## What you are asked to do
The answer should be each line from the entries below that has the word "width" in it.

## Supplied records

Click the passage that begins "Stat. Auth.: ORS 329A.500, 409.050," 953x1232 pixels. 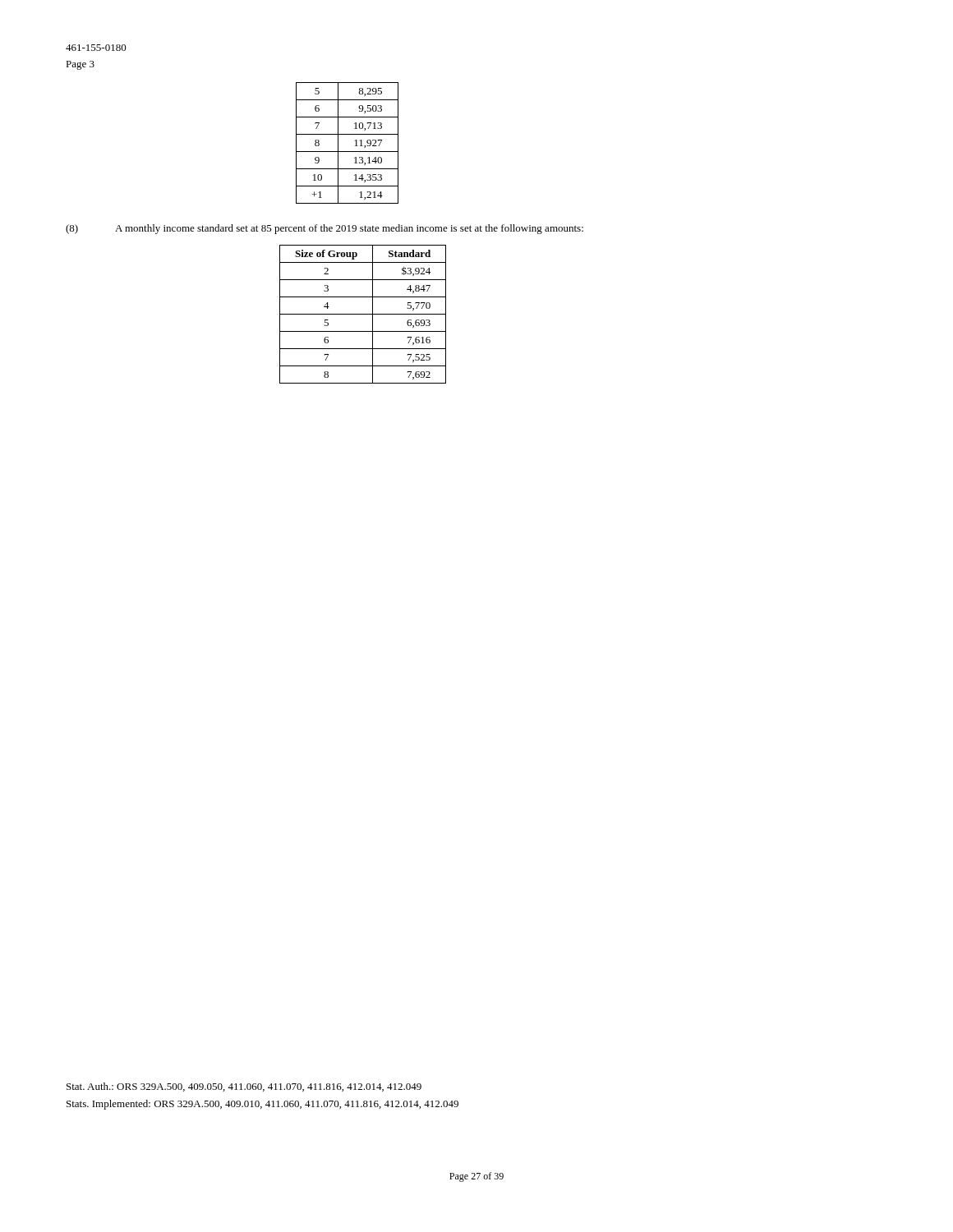coord(262,1095)
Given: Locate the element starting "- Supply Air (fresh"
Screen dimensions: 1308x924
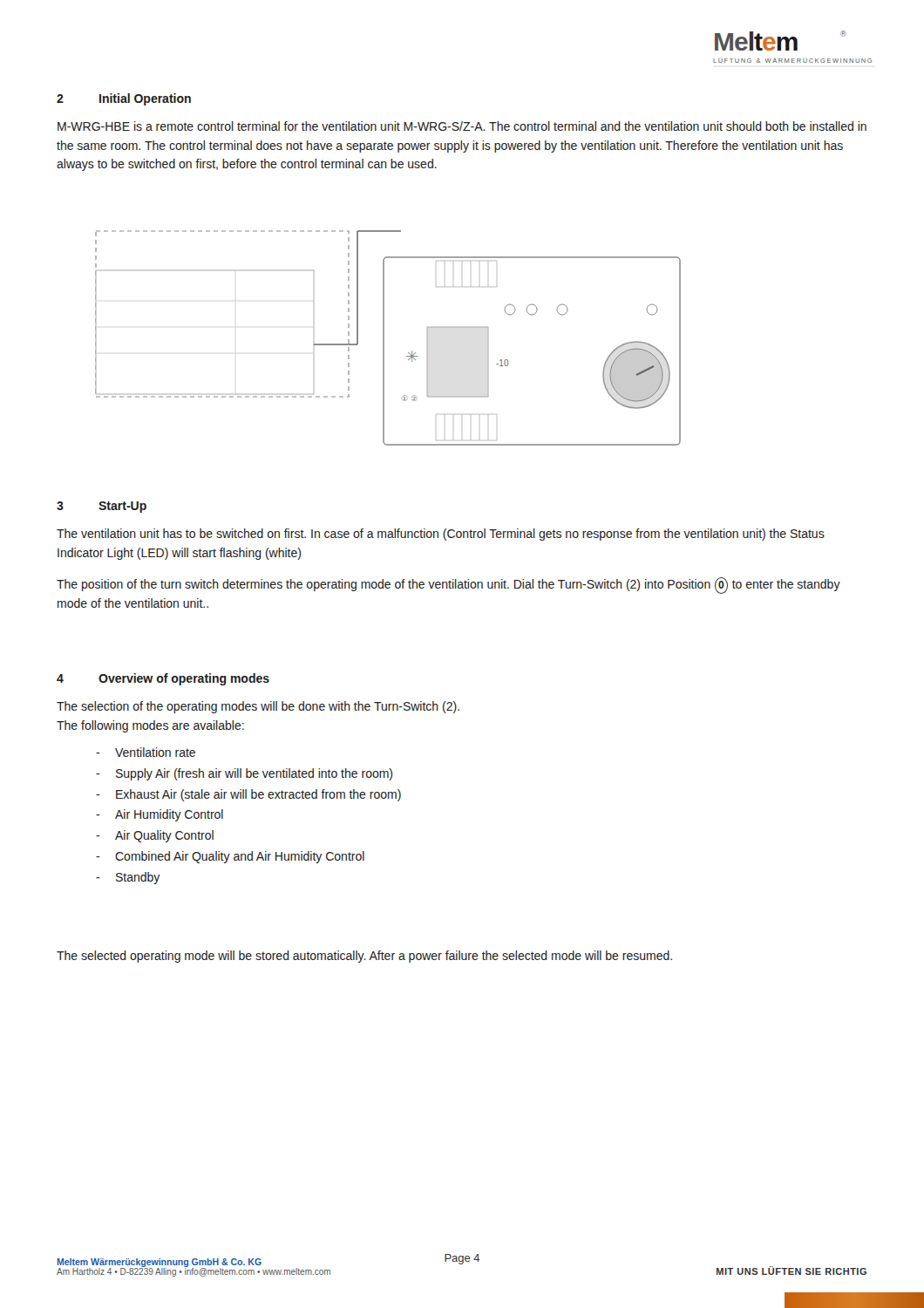Looking at the screenshot, I should (245, 774).
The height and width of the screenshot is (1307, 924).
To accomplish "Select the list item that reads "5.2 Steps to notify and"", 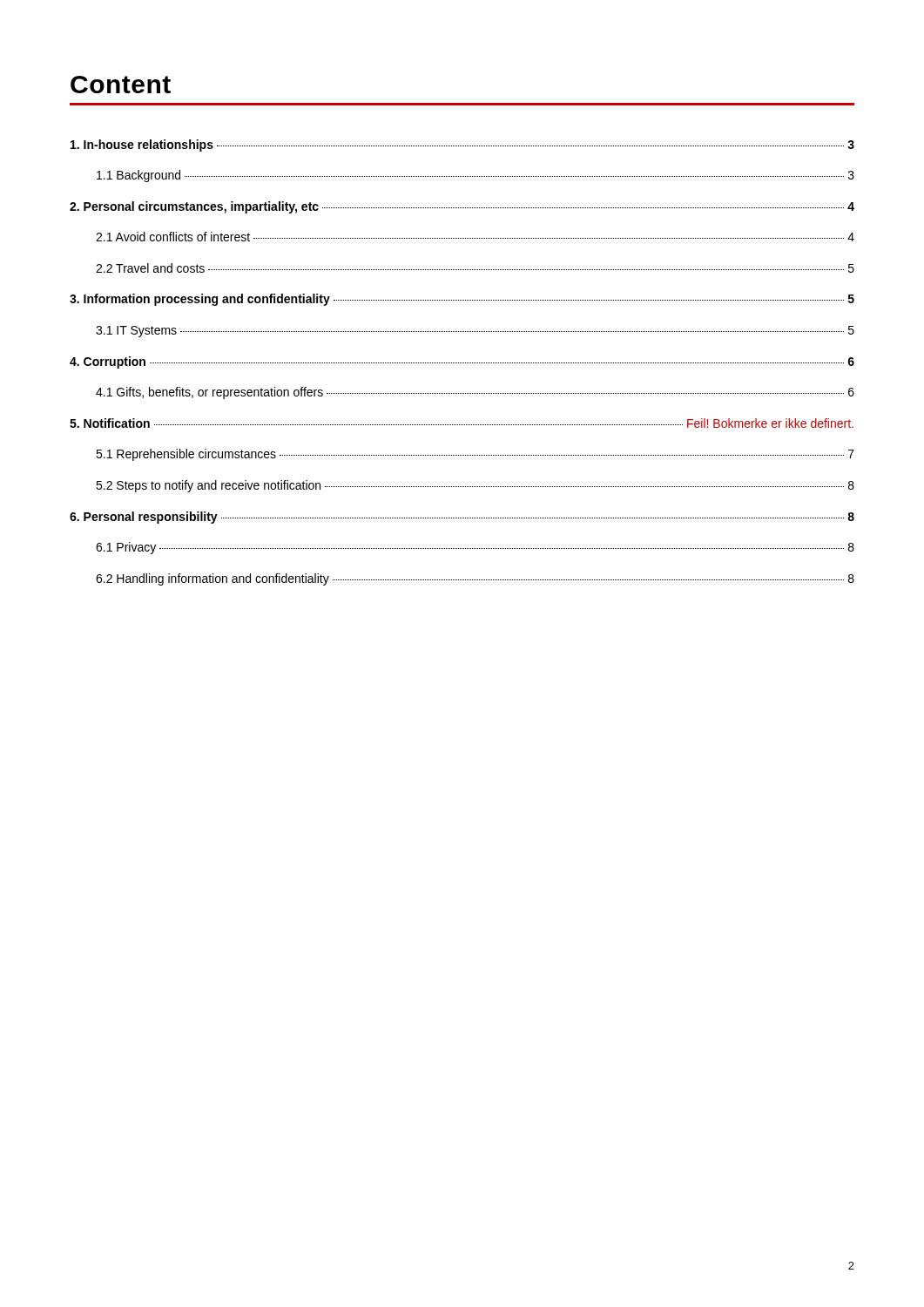I will click(475, 486).
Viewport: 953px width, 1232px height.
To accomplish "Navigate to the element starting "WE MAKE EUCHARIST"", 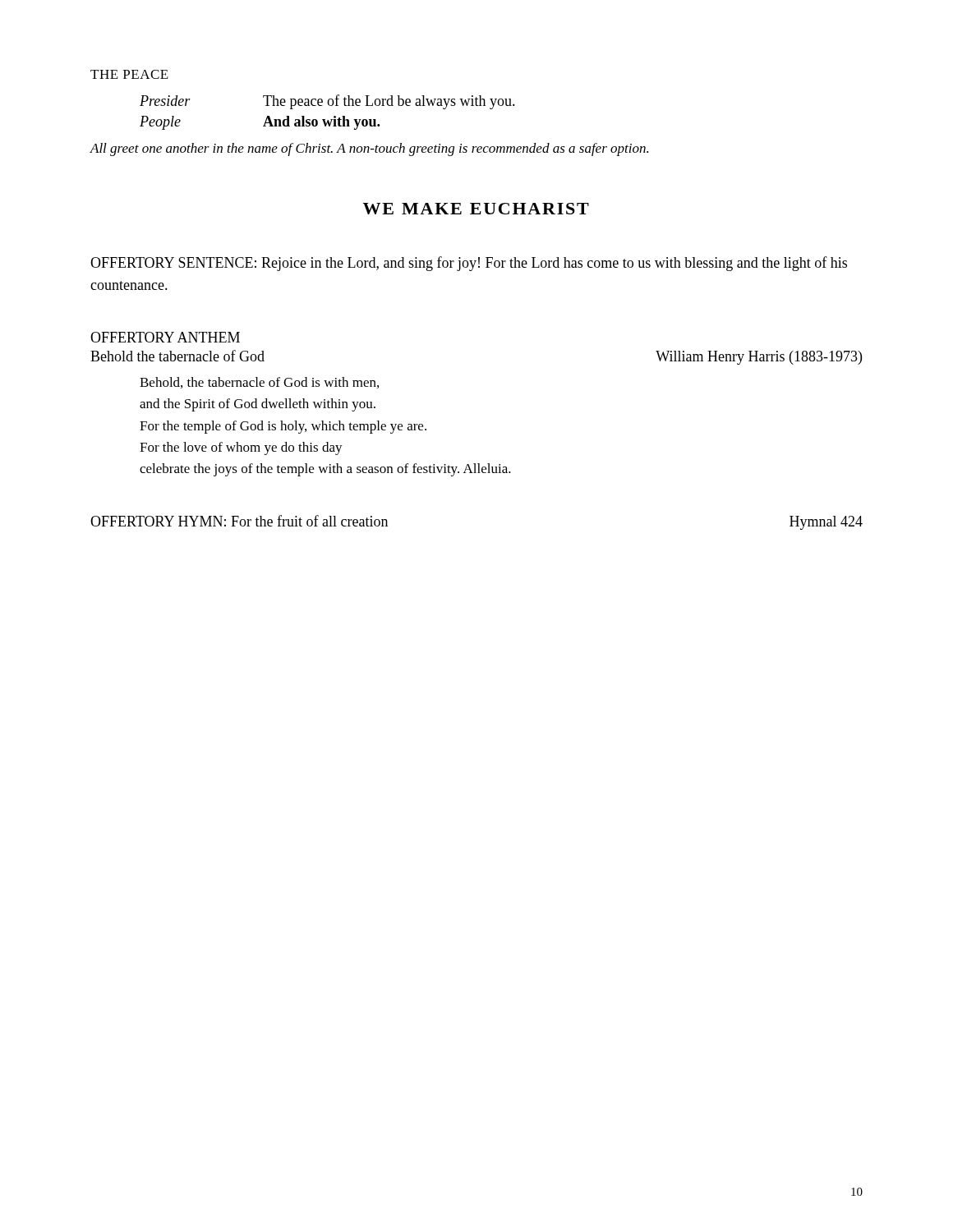I will [x=476, y=208].

## Response area
The height and width of the screenshot is (1307, 924).
Viewport: 953px width, 1232px height.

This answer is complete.